An object of the present invention for solving the above problems is to provide a method for manufacturing a full color organic electroluminescent device formed by patterning a light emitting layer of red, green and blue by patterning a polymer light emitting material.

In addition, another object of the present invention is to use a thermosetting light emitting material as a material for forming a light emitting layer, the method of manufacturing a full-color organic light emitting device to form a light emitting layer by curing the light emitting material by irradiating a laser to the light emitting material. To provide.

In addition, another object of the present invention is to provide a method for manufacturing a full color organic electroluminescent device incorporating a photo-thermal energy conversion film for converting optical energy of a laser into thermal energy when a laser is applied.

Further, another object of the present invention is to provide a method for manufacturing a full color organic light emitting device that can secure a large area of pixel areas.

In order to achieve the above object, the present invention is:

Patterning and forming a first electrode layer on the substrate;

Forming an insulating layer on the first electrode layer to define first, second and third pixel regions;

Applying a thermosetting first light emitting material to the pixel region, and introducing a photo-thermal energy conversion film over the entire surface of the substrate;

Locally irradiating only the first pixel region with a laser to cure the first light emitting material, and remove the uncured portion to form a first light emitting layer;

Applying a thermosetting second light emitting material to the pixel region, and introducing a photo-thermal energy conversion film over the entire substrate;

Locally irradiating only the second pixel region with a laser to cure the second light emitting material, and remove the uncured portion to form a second light emitting layer;

Applying a thermosetting third luminescent material to the pixel region and introducing a photo-thermal energy conversion film over the entire substrate;

Locally irradiating only the third pixel region with a laser to cure the third light emitting material, and remove the uncured portion to form a third light emitting layer; And

And forming a second electrode layer on the first, second, and third light emitting layers formed through the above steps.
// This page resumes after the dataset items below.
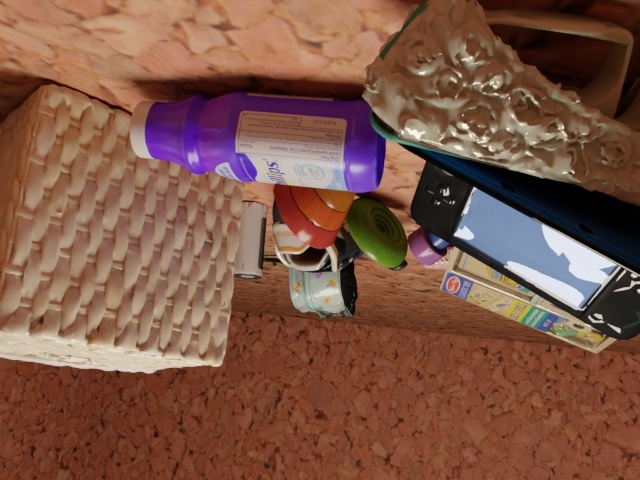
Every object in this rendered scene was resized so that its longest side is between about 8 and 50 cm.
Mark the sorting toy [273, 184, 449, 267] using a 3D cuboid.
[{"bbox_3d":[0.105,-0.047,0.969,0.365,0.127,0.126,16,136,-42],"label":"sorting toy"}]

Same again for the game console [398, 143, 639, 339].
[{"bbox_3d":[0.204,0.009,0.624,0.293,0.173,0.250,32,145,16],"label":"game console"}]

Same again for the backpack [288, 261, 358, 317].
[{"bbox_3d":[0.006,0.076,1.353,0.144,0.166,0.188,-2,164,3],"label":"backpack"}]

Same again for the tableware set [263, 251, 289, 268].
[{"bbox_3d":[-0.159,0.065,1.703,0.194,0.039,0.128,-2,164,38],"label":"tableware set"}]

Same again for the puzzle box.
[{"bbox_3d":[0.317,0.029,0.866,0.272,0.052,0.409,23,159,13],"label":"puzzle box"}]

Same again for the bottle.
[{"bbox_3d":[-0.070,-0.114,0.718,0.282,0.092,0.118,6,169,9],"label":"bottle"}]

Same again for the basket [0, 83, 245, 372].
[{"bbox_3d":[-0.304,0.005,0.896,0.328,0.332,0.266,18,159,-37],"label":"basket"}]

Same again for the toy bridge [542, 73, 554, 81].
[{"bbox_3d":[0.249,-0.116,0.655,0.188,0.026,0.063,19,164,-37],"label":"toy bridge"}]

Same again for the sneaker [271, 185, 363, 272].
[{"bbox_3d":[0.000,0.000,1.118,0.126,0.128,0.321,1,167,25],"label":"sneaker"}]

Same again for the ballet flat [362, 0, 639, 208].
[{"bbox_3d":[0.234,-0.097,0.516,0.408,0.147,0.147,12,167,-21],"label":"ballet flat"}]

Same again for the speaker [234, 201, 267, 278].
[{"bbox_3d":[-0.128,-0.001,1.167,0.055,0.136,0.055,3,166,1],"label":"speaker"}]

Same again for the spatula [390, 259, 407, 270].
[{"bbox_3d":[0.124,0.028,1.190,0.084,0.030,0.296,-19,-171,-2],"label":"spatula"}]

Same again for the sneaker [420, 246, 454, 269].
[{"bbox_3d":[0.246,0.035,1.275,0.070,0.051,0.134,8,173,-23],"label":"sneaker"}]
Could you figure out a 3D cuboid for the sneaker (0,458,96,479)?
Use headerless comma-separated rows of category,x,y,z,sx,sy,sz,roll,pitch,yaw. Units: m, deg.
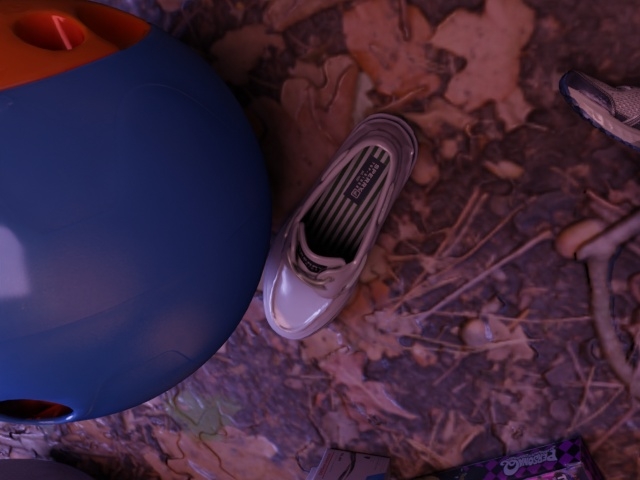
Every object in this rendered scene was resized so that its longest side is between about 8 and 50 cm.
sneaker,-0.286,0.359,0.712,0.295,0.104,0.147,17,94,9

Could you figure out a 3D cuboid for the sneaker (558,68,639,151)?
sneaker,0.224,-0.086,0.410,0.135,0.052,0.058,27,110,-2

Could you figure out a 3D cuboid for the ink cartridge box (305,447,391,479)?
ink cartridge box,0.023,0.231,0.601,0.083,0.048,0.028,2,111,18

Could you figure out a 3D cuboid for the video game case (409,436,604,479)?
video game case,0.191,0.309,0.576,0.210,0.042,0.232,-27,100,28

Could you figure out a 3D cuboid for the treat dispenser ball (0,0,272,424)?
treat dispenser ball,-0.178,-0.020,0.438,0.288,0.288,0.288,7,113,17

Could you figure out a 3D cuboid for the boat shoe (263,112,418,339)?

At this time, the light-to-heat conversion film (light-to-heat conversion film) is characterized in that for converting the light energy of the laser applied to the heat energy to transfer to the lower light emitting layer.

In addition, the thermosetting light emitting material to be used is a material which can be cured by heat, and is characterized in that the red, green, and blue light emitting layers are patterned on the substrate using the thermosetting light emitting material.

Hereinafter, with reference to the accompanying drawings in order to describe the present invention in more detail will be described in more detail. At this time, like reference numerals denote like elements throughout the specification.

1A to 1G illustrate a method of manufacturing a full color organic light emitting diode according to an embodiment of the present invention, and are conveniently formed in order of red, green, and blue light emitting layers 60R, 60G, and 60B. Can be converted.

First, referring to FIG. 1A, a glass substrate is cleaned as an insulating substrate 50, and a first electrode layer 51 is formed by depositing and patterning a transparent electrode material or a metal electrode material on the substrate 50. The first electrode layer 51 uses a metal film, which is a reflective film, in the case of the top light emitting structure, and ITO or IZO, which is a transparent electrode in the case of the bottom light emitting structure, wherein the second electrode layer 55 has a top light emitting structure. In this case, the transparent electrode is formed, and in the case of the bottom light emitting structure, the metal material, which is a reflective film, or the transparent electrode material is formed on the reflective plate. In addition, when the first electrode layer 51 is a cathode electrode, the second electrode layer 55 becomes an anode electrode layer, and when the first electrode layer 51 is an anode electrode layer, it becomes a cathode electrode layer.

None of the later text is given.